O’Briens lend a good Irish name to Lee’s Summit street

rpulley@lsjournal.comMarch 14, 2014 

With St. Patrick’s Day bringing lots of weekend activity to Lee’s Summit, a little history of O’Brien Road is of interest.

O’Brien is north of Third Street, running between Pryor Road east toward the middle of Lee’s Summit, where swinging south it becomes Main Street.

That area once was all country, with Lee’s Summit’s population at about 2,500, when Luke and Frances O’Brien bought 36 acres then northwest of town.

One of his sons, Larry O’Brien, 95, shared a few recollections of the farm and its development with The Journal.

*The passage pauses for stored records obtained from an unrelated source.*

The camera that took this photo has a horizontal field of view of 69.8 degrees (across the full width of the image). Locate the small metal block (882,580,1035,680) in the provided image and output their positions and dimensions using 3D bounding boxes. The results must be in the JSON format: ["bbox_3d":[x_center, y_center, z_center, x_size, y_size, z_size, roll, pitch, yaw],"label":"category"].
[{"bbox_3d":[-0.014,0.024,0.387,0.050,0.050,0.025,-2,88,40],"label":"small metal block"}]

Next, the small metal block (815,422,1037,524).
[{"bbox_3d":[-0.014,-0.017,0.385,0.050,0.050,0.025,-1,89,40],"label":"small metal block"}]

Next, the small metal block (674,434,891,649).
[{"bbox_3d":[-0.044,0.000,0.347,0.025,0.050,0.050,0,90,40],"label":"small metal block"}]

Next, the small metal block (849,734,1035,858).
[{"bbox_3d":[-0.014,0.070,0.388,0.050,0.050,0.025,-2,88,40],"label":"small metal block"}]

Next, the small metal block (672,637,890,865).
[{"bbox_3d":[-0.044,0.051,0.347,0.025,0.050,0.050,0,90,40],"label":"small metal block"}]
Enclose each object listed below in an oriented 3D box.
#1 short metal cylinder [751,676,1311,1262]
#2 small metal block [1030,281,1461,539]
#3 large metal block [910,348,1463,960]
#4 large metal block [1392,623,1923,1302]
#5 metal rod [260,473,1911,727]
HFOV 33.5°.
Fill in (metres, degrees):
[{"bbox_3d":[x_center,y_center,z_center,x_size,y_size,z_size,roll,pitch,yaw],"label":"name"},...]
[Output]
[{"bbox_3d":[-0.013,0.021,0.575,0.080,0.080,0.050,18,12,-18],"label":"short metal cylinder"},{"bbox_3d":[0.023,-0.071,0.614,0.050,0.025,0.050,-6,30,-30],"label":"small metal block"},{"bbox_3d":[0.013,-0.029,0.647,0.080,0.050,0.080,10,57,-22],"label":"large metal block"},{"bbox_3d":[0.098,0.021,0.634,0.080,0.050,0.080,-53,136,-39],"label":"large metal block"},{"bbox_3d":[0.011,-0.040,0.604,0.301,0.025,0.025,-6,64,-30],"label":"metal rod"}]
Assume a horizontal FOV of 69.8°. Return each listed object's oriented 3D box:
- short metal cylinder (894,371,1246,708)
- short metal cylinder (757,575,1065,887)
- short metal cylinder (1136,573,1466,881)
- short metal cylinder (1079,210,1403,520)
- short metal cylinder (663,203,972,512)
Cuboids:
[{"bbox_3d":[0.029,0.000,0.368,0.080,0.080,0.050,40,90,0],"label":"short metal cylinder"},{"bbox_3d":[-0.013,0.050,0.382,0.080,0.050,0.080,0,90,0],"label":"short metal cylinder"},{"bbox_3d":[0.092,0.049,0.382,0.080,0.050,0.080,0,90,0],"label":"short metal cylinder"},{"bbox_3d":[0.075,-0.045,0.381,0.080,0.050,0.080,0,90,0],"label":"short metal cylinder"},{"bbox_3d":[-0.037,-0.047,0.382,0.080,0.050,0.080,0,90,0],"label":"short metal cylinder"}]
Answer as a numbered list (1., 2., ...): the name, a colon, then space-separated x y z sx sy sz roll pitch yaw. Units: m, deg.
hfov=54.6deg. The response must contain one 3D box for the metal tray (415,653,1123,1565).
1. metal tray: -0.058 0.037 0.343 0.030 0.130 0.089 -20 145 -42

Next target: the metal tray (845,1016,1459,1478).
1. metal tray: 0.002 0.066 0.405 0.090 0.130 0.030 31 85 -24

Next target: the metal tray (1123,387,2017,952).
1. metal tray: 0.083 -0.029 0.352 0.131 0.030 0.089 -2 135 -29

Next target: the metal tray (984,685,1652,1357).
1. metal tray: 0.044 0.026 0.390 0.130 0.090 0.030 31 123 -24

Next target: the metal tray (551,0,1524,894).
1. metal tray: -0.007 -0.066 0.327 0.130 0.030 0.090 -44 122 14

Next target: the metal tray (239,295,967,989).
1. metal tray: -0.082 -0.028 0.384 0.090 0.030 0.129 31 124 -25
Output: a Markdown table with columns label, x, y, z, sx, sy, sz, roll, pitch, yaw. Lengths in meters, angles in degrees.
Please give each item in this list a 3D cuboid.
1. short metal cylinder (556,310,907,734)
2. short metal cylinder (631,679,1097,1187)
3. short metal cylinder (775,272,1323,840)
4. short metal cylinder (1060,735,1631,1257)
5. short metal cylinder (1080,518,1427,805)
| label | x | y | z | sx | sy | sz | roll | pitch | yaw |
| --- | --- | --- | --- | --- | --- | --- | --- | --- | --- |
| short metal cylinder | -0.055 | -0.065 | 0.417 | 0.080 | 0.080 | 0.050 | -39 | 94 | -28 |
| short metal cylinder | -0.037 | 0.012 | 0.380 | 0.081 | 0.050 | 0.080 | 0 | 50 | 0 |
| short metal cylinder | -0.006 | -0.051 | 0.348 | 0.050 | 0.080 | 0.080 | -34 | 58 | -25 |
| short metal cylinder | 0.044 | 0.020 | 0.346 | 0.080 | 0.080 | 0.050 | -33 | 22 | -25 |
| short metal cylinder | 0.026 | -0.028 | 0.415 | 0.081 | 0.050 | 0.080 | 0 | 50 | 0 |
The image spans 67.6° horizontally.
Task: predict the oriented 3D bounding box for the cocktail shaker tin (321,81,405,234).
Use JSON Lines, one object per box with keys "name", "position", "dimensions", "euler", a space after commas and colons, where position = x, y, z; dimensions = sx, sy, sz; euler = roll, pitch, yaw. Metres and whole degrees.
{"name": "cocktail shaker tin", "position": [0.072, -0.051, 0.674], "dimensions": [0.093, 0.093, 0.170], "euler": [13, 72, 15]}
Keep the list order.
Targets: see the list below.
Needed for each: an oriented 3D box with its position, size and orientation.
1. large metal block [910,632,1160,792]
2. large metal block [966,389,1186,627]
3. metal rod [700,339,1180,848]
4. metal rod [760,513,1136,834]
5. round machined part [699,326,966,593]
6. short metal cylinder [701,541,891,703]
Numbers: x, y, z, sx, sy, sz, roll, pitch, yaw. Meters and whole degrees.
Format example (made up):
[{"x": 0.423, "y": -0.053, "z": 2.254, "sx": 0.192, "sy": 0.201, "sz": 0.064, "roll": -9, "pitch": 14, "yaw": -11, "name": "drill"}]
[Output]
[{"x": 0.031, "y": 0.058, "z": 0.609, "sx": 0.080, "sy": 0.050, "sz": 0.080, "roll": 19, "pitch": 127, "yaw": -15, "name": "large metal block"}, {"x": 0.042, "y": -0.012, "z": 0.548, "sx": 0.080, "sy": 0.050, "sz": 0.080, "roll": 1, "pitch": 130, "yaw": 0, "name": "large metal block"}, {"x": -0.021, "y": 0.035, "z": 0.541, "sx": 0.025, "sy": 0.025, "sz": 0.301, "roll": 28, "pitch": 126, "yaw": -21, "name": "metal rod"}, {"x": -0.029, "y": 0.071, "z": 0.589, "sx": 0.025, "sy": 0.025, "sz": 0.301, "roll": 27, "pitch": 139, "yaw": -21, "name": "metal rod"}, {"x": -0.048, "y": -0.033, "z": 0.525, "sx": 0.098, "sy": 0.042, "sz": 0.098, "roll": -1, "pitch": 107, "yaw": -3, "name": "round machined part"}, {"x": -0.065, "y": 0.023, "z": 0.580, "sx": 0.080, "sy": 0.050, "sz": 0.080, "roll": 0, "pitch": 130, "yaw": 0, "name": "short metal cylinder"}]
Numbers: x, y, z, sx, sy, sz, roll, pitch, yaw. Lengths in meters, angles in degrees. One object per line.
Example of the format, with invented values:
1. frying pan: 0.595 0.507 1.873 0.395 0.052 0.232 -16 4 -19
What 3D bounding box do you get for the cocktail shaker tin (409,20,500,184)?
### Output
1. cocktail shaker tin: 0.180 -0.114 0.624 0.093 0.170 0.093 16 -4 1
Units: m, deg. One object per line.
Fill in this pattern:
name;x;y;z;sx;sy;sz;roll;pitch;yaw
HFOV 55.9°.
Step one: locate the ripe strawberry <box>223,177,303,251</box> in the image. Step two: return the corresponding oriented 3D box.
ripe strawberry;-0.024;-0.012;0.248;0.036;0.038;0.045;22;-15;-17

Larry O’Brien said his father and mother, Luke and Frances O’Brien, bought the land from Seth Ward in 1932. The family moved to the farm in 1933. His father’s primary occupation was a contractor, a partner in the Cook-O’Brien Construction Co. that built rail bed for the Santa Fe Railroad.

The couple then bought two more farms, 65 acres that eventually would become The Summit shopping center and 120 acres that the O’Briens would develop as the Summit View subdivision.

“All the streets were named after family members and people close to my father,” O’Brien said, accounting for Donovan Street, Kay Drive and Frances Road. Carroll Street was named after his father’s secretary. Luke O’Brien split the property into about 100 one-acre lots, limiting construction to one house per lot.

Larry O’Brien said that his father had moved to Kansas City and then to Lee’s Summit from Keokuk, Iowa, where his grandfather had immigrated from Ireland. His mother was from Tulsa, Okla., he said, but he didn’t recall how they met.

Larry O’Brien and a brother farmed the three places until World War II, then entered military service. Raised a lot of horses, hogs, chickens, and other stock, he said.

The 36-acre farm eventually sold. The one remnant building is a log cabin Luke O’Brien built for his large family in 1934, which was overflowing the farmhouse. The cabin sits on property now owned by Our Lady of Presentation Catholic Church.

The couple had six girls and three boys, too many to be comfortable in the house, so the cabin was built. It was without plumbing, standard for those days.

“The men slept in the cabin,” Larry O’Brien said. “Mother and the daughters slept in the house.”

The boys went to the main house for breakfast.